Imagine the e has a thing over it.
 
Ya most games come with nothing. I remember getting Deus Ex and it coming with a cool looking fake news paper. That gave you some clues and insight on the story.
 

:O

Yeah, I'm 15. Until July. I've said it a couple of times.

My favourite manual would be my GTA:SA one. Rockstar Manuals are generally awesome. My favourite Box is probably my HL2 Collectors Edition box, despite the fact that there was SHIT ALL in it - well, besides HL2+CSSource+HLS+HL2DM+...something else, and a one-size-fits-all T-shirt, and a FREAKING A5 SIZE SINGLE SCRAP OF PAPER CALLED A MANUAL, and the sort of not-actually-a-prima-guide.
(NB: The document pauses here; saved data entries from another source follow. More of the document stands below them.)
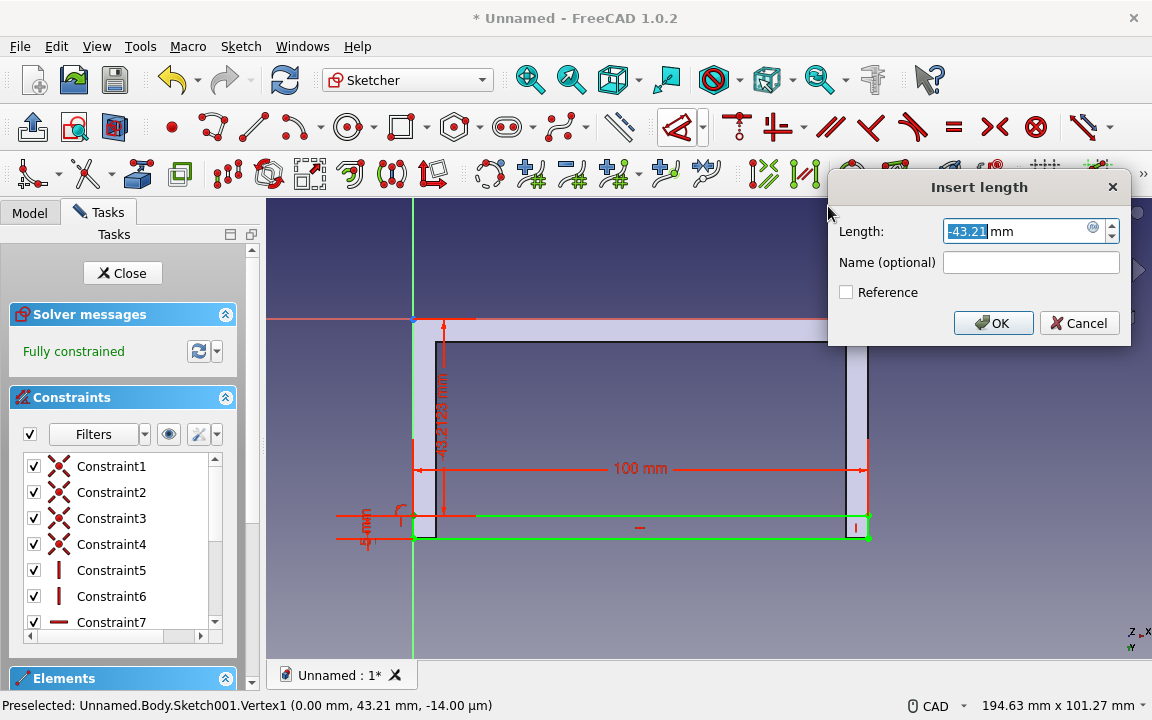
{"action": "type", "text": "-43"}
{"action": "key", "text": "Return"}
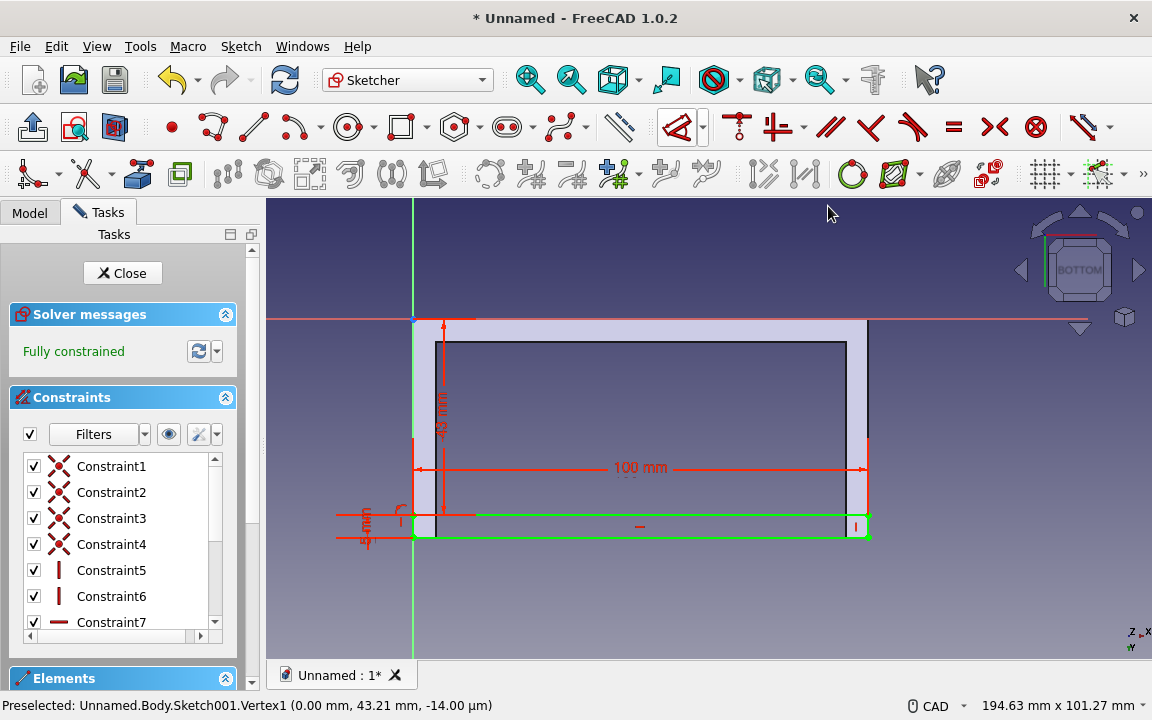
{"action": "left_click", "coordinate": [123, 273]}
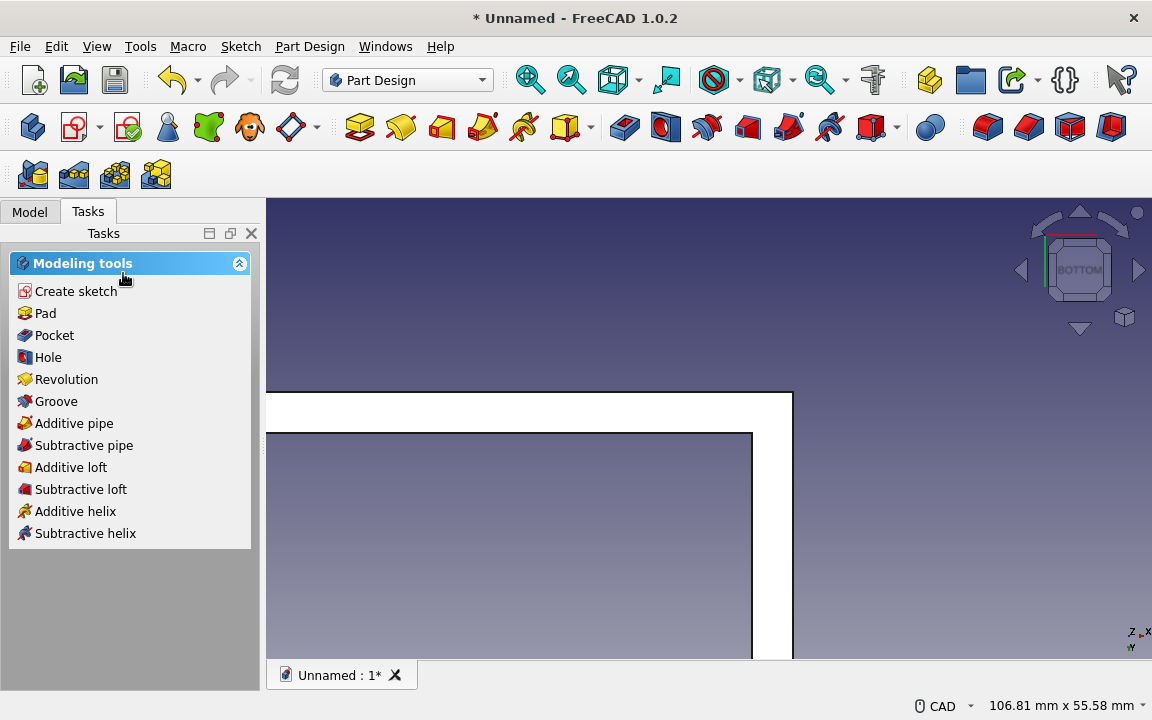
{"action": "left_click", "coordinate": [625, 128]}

I don't actually have all that many boxes, being a young gamer and not being able to actually afford all that many games. I tend to borrow my friends/families or beg my parents for ages... it also results in me getting crappy EA Classics boxes and getting a huge cardboard box with 3 cds in a little paper slip thing inside (1 of them being the manual. I HATE DIGITAL MANUALS.)

Did Deus Ex have an awesome manual? My "Classic" version doesn't have one.

/EDIT Doh, Asuka already answered that.
 
Anyone else own the original release of "Day of the Tentacle"? It came in this triangular-prism shaped box, and definitely was unique (and probably a pain to shelve).